* RECORDS TO USE *
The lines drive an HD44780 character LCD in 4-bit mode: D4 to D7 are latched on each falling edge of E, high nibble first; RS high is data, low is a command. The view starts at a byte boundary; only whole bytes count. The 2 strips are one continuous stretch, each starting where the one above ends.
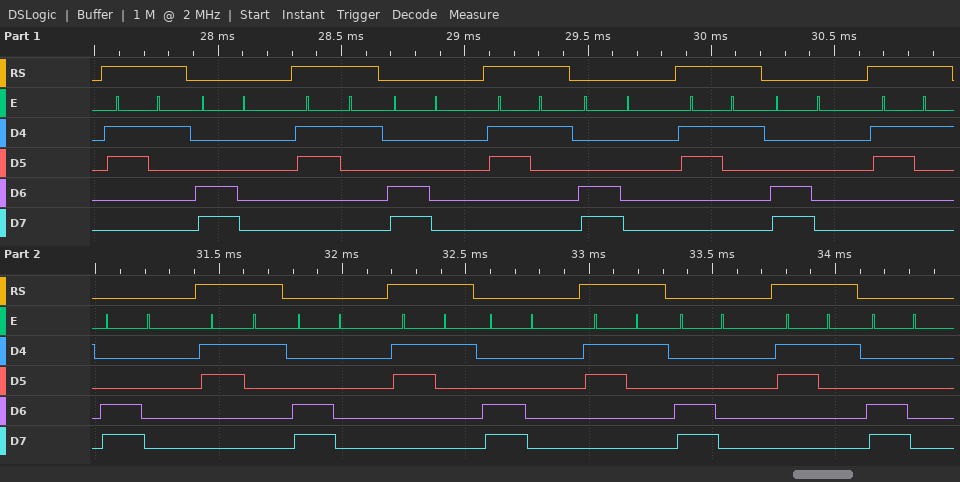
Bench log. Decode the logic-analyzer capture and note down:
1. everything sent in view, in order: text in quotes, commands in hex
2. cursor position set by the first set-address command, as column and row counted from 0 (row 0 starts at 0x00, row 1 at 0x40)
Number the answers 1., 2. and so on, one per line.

1. "1" 0xC0 "1" 0xC0 "1" 0xC0 "1" 0xC0 "1" 0xC0 "1" 0xC0 "1" 0xC0 "1" 0xC0 "1" 0xC0
2. column 0, row 1
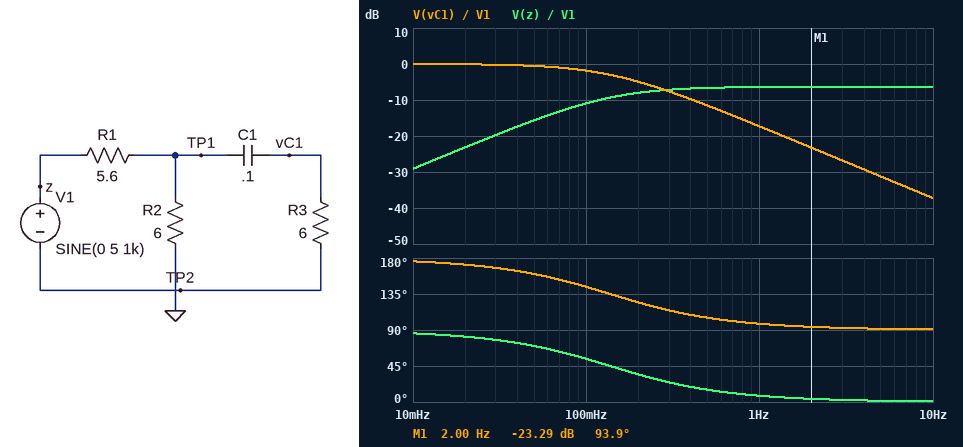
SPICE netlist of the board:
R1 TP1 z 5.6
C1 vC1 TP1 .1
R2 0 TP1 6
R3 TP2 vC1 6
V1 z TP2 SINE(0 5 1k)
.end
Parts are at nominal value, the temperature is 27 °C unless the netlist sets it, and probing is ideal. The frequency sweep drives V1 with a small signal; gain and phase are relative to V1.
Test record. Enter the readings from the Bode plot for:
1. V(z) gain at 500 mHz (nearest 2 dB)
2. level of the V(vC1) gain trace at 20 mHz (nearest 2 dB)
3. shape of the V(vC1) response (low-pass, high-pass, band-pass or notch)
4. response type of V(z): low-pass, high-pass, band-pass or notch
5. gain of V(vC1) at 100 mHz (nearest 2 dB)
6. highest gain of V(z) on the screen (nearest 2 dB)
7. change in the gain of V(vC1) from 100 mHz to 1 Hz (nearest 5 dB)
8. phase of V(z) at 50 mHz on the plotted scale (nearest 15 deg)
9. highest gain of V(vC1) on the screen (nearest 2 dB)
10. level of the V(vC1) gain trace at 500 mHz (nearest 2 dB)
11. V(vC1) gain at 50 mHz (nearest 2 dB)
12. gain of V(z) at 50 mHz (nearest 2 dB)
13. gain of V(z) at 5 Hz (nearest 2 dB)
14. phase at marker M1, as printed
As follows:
-6 dB
0 dB
low-pass
high-pass
-2 dB
-6 dB
-15 dB
75 deg
0 dB
-12 dB
0 dB
-16 dB
-6 dB
93.9 deg
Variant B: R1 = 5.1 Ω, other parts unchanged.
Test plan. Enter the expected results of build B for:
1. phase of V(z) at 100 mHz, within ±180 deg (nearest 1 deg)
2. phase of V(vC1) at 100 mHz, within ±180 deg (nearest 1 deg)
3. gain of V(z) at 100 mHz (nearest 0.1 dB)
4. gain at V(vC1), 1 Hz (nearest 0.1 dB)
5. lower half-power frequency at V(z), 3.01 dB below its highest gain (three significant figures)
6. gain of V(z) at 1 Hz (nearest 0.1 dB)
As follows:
55 deg
145 deg
-11.6 dB
-17.0 dB
143 mHz
-6.8 dB
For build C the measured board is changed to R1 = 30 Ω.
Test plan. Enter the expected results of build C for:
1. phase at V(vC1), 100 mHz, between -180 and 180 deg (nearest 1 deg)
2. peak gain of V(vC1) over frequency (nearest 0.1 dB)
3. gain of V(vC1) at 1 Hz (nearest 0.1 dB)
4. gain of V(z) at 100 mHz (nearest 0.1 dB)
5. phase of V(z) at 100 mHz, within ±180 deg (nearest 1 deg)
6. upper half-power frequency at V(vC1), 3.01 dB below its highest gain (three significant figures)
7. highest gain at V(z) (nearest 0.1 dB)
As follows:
114 deg
0 dB
-27.1 dB
-2.4 dB
24 deg
44.2 mHz
-1.6 dB
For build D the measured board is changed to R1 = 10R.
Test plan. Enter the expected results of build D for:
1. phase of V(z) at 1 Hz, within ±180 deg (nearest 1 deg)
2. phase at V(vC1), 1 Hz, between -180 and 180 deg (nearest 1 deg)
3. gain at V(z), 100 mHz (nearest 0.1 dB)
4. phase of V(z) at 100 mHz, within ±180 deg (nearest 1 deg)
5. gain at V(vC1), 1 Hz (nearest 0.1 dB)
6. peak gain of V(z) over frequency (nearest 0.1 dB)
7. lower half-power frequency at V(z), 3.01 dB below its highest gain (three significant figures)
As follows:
6 deg
96 deg
-7.1 dB
45 deg
-20.1 dB
-4.1 dB
99.5 mHz
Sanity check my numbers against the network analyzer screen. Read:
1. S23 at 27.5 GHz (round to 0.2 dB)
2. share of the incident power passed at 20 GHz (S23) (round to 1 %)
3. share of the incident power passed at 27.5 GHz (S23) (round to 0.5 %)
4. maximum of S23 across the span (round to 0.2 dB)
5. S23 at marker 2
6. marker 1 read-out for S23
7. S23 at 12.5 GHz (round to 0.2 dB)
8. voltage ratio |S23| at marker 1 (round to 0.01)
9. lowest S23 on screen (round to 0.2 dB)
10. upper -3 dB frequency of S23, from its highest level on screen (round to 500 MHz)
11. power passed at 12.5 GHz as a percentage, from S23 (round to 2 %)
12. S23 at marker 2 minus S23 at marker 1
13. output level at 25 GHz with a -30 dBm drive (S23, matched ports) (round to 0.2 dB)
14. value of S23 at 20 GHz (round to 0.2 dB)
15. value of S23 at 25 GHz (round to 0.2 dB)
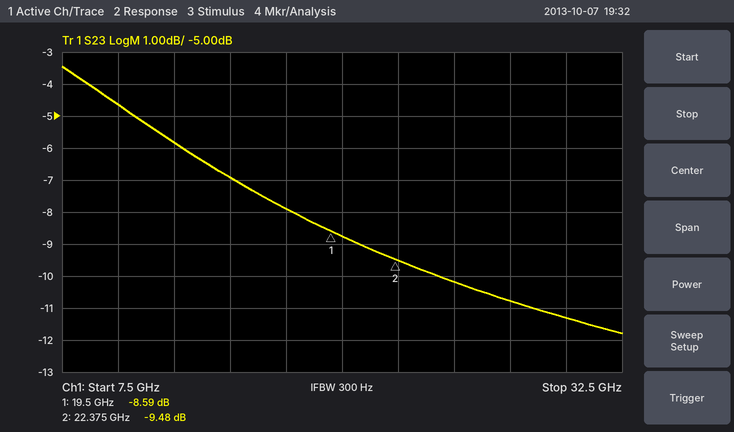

* EXERCISE *
Copy the whole listing exactly, excluding the pictures in it.

* RESPONSE TO THE TASK *
The lines drive an HD44780 character LCD in 4-bit mode: D4 to D7 are latched on each falling edge of E, high nibble first; RS high is data, low is a command. The view starts at a byte boundary; only whole bytes count. The 2 strips are one continuous stretch, each starting where the one above ends.
Bench log. Decode the logic-analyzer capture and note down:
1. everything sent in view, in order: text in quotes, commands in hex
2. cursor position set by the first set-address command, as column and row counted from 0 (row 0 starts at 0x00, row 1 at 0x40)
Number the answers 1., 2. and so on, one per line.

1. "1" 0xC0 "1" 0xC0 "1" 0xC0 "1" 0xC0 "1" 0xC0 "1" 0xC0 "1" 0xC0 "1" 0xC0 "1" 0xC0
2. column 0, row 1
SPICE netlist of the board:
R1 TP1 z 5.6
C1 vC1 TP1 .1
R2 0 TP1 6
R3 TP2 vC1 6
V1 z TP2 SINE(0 5 1k)
.end
Parts are at nominal value, the temperature is 27 °C unless the netlist sets it, and probing is ideal. The frequency sweep drives V1 with a small signal; gain and phase are relative to V1.
Test record. Enter the readings from the Bode plot for:
1. V(z) gain at 500 mHz (nearest 2 dB)
2. level of the V(vC1) gain trace at 20 mHz (nearest 2 dB)
3. shape of the V(vC1) response (low-pass, high-pass, band-pass or notch)
4. response type of V(z): low-pass, high-pass, band-pass or notch
5. gain of V(vC1) at 100 mHz (nearest 2 dB)
6. highest gain of V(z) on the screen (nearest 2 dB)
7. change in the gain of V(vC1) from 100 mHz to 1 Hz (nearest 5 dB)
8. phase of V(z) at 50 mHz on the plotted scale (nearest 15 deg)
9. highest gain of V(vC1) on the screen (nearest 2 dB)
10. level of the V(vC1) gain trace at 500 mHz (nearest 2 dB)
11. V(vC1) gain at 50 mHz (nearest 2 dB)
12. gain of V(z) at 50 mHz (nearest 2 dB)
13. gain of V(z) at 5 Hz (nearest 2 dB)
14. phase at marker M1, as printed
As follows:
-6 dB
0 dB
low-pass
high-pass
-2 dB
-6 dB
-15 dB
75 deg
0 dB
-12 dB
0 dB
-16 dB
-6 dB
93.9 deg
Variant B: R1 = 5.1 Ω, other parts unchanged.
Test plan. Enter the expected results of build B for:
1. phase of V(z) at 100 mHz, within ±180 deg (nearest 1 deg)
2. phase of V(vC1) at 100 mHz, within ±180 deg (nearest 1 deg)
3. gain of V(z) at 100 mHz (nearest 0.1 dB)
4. gain at V(vC1), 1 Hz (nearest 0.1 dB)
5. lower half-power frequency at V(z), 3.01 dB below its highest gain (three significant figures)
6. gain of V(z) at 1 Hz (nearest 0.1 dB)
As follows:
55 deg
145 deg
-11.6 dB
-17.0 dB
143 mHz
-6.8 dB
For build C the measured board is changed to R1 = 30 Ω.
Test plan. Enter the expected results of build C for:
1. phase at V(vC1), 100 mHz, between -180 and 180 deg (nearest 1 deg)
2. peak gain of V(vC1) over frequency (nearest 0.1 dB)
3. gain of V(vC1) at 1 Hz (nearest 0.1 dB)
4. gain of V(z) at 100 mHz (nearest 0.1 dB)
5. phase of V(z) at 100 mHz, within ±180 deg (nearest 1 deg)
6. upper half-power frequency at V(vC1), 3.01 dB below its highest gain (three significant figures)
7. highest gain at V(z) (nearest 0.1 dB)
As follows:
114 deg
0 dB
-27.1 dB
-2.4 dB
24 deg
44.2 mHz
-1.6 dB
For build D the measured board is changed to R1 = 10R.
Test plan. Enter the expected results of build D for:
1. phase of V(z) at 1 Hz, within ±180 deg (nearest 1 deg)
2. phase at V(vC1), 1 Hz, between -180 and 180 deg (nearest 1 deg)
3. gain at V(z), 100 mHz (nearest 0.1 dB)
4. phase of V(z) at 100 mHz, within ±180 deg (nearest 1 deg)
5. gain at V(vC1), 1 Hz (nearest 0.1 dB)
6. peak gain of V(z) over frequency (nearest 0.1 dB)
7. lower half-power frequency at V(z), 3.01 dB below its highest gain (three significant figures)
As follows:
6 deg
96 deg
-7.1 dB
45 deg
-20.1 dB
-4.1 dB
99.5 mHz
Sanity check my numbers against the network analyzer screen. Read:
1. S23 at 27.5 GHz (round to 0.2 dB)
2. share of the incident power passed at 20 GHz (S23) (round to 1 %)
3. share of the incident power passed at 27.5 GHz (S23) (round to 0.5 %)
4. maximum of S23 across the span (round to 0.2 dB)
5. S23 at marker 2
6. marker 1 read-out for S23
7. S23 at 12.5 GHz (round to 0.2 dB)
8. voltage ratio |S23| at marker 1 (round to 0.01)
9. lowest S23 on screen (round to 0.2 dB)
10. upper -3 dB frequency of S23, from its highest level on screen (round to 500 MHz)
11. power passed at 12.5 GHz as a percentage, from S23 (round to 2 %)
12. S23 at marker 2 minus S23 at marker 1
13. output level at 25 GHz with a -30 dBm drive (S23, matched ports) (round to 0.2 dB)
14. value of S23 at 20 GHz (round to 0.2 dB)
15. value of S23 at 25 GHz (round to 0.2 dB)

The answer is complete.